【処方コンセプト】カサカサ乾燥し、かゆい皮膚病に。
当帰飲子は、皮膚が乾燥してかゆみの強い皮膚病に用いる処方である。皮膚がカサカサする。あるいは肥厚してカサブタができる。そのカサブタもボロボロ落ちる。乾燥のため、亀裂が生じることもある。高齢者に多い皮膚瘙痒症にも応用される。

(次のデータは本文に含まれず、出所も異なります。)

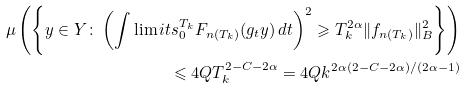<formula> <loc_0><loc_0><loc_500><loc_500>\mu \left ( \left \{ y \in Y \colon \left ( \int \lim i t s _ { 0 } ^ { T _ { k } } F _ { n ( T _ { k } ) } ( g _ { t } y ) \, d t \right ) ^ { 2 } \geqslant T _ { k } ^ { 2 \alpha } \| f _ { n ( T _ { k } ) } \| _ { B } ^ { 2 } \right \} \right ) \\ \leqslant 4 Q T _ { k } ^ { 2 - C - 2 \alpha } = 4 Q k ^ { 2 \alpha ( 2 - C - 2 \alpha ) / ( 2 \alpha - 1 ) }</formula> 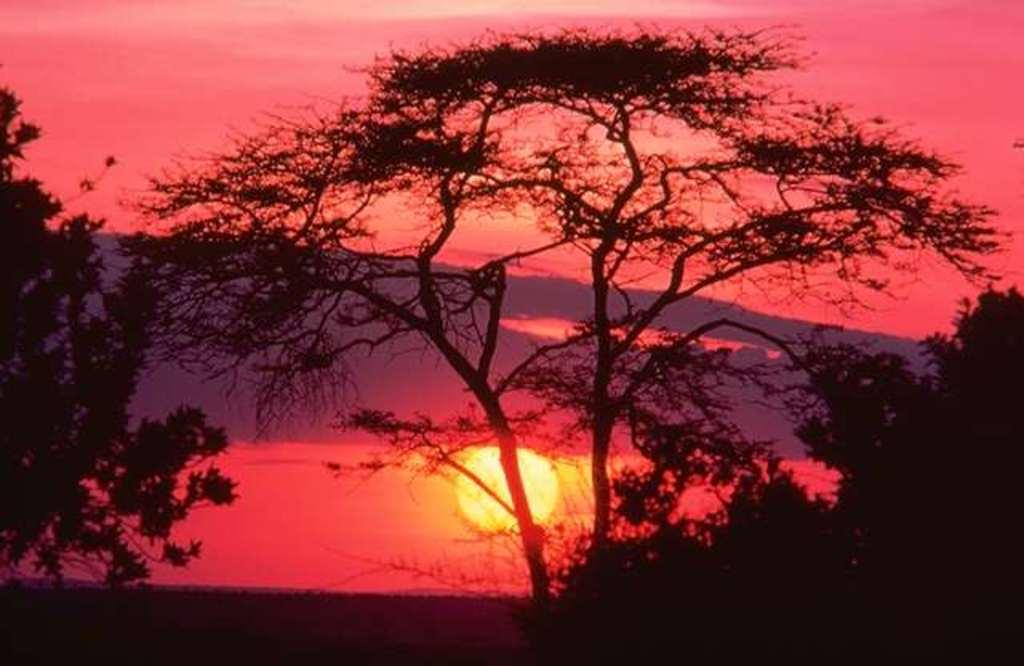What celestial body is visible in the image? The sun is visible in the image. What is the color of the sky in the image? The sky appears red in the image. What type of vegetation can be seen in the image? There are trees in the image. How many dinosaurs can be seen grazing in the field in the image? There are no dinosaurs present in the image; it features the sun, a red sky, and trees. What type of bone is visible in the image? There is no bone present in the image.

◆皮膚の症状としては、カユミのほかに、次のような症状を伴う。
① 皮脂や水分の分泌が悪くなって乾燥気味になり、カサカサしてくる。
② 丘疹があっても色に変化のない小丘疹で、先がとがらず扁平なものが多い。
③ 唇も乾燥しやすく、割れ、剥離、色のくすみが見られるようになる。
④ 皮膚の色が何となくくすんできて、汚い感じがする。
⑤ 白い粉を吹いた状態になってくる。
⑥ 寝床に入るとカユミやカサカサが強くなってくる。
⑦ 皮膚の状態は乾燥すると悪化し、潤ってくると改善に向かう。
◆全身症状としては、血虚症状を呈する。
①頭がふらつく、視力が衰え、目がかすむ。
②顔色が何となく悪く、血色のツヤがない、くすんだ感じを受ける
③女性では生理が不順になる
④髪にツヤがなくなり、ツメがもろく、割れたり欠けたりしやすくなる。
【処方構成】10味
本方は血を増やしその働きを高め、血虚を改善する基本処方の四物湯が中心となり、さらに補血の何首烏(カシュウ)が加わり乾燥を潤す。皮膚の乾燥から生じたカユミ(血虚生風ともいう)を止めてくれる蒺藜子(シツリシ)・防風(ボウフウ)・荊芥(ケイガイ)、肺気を補って皮膚機能を高めてくれる黄耆(オウギ)・甘草(カンゾウ)が配合されたものである。つまり四物湯にかゆみ止めを加えたような処方構成になる。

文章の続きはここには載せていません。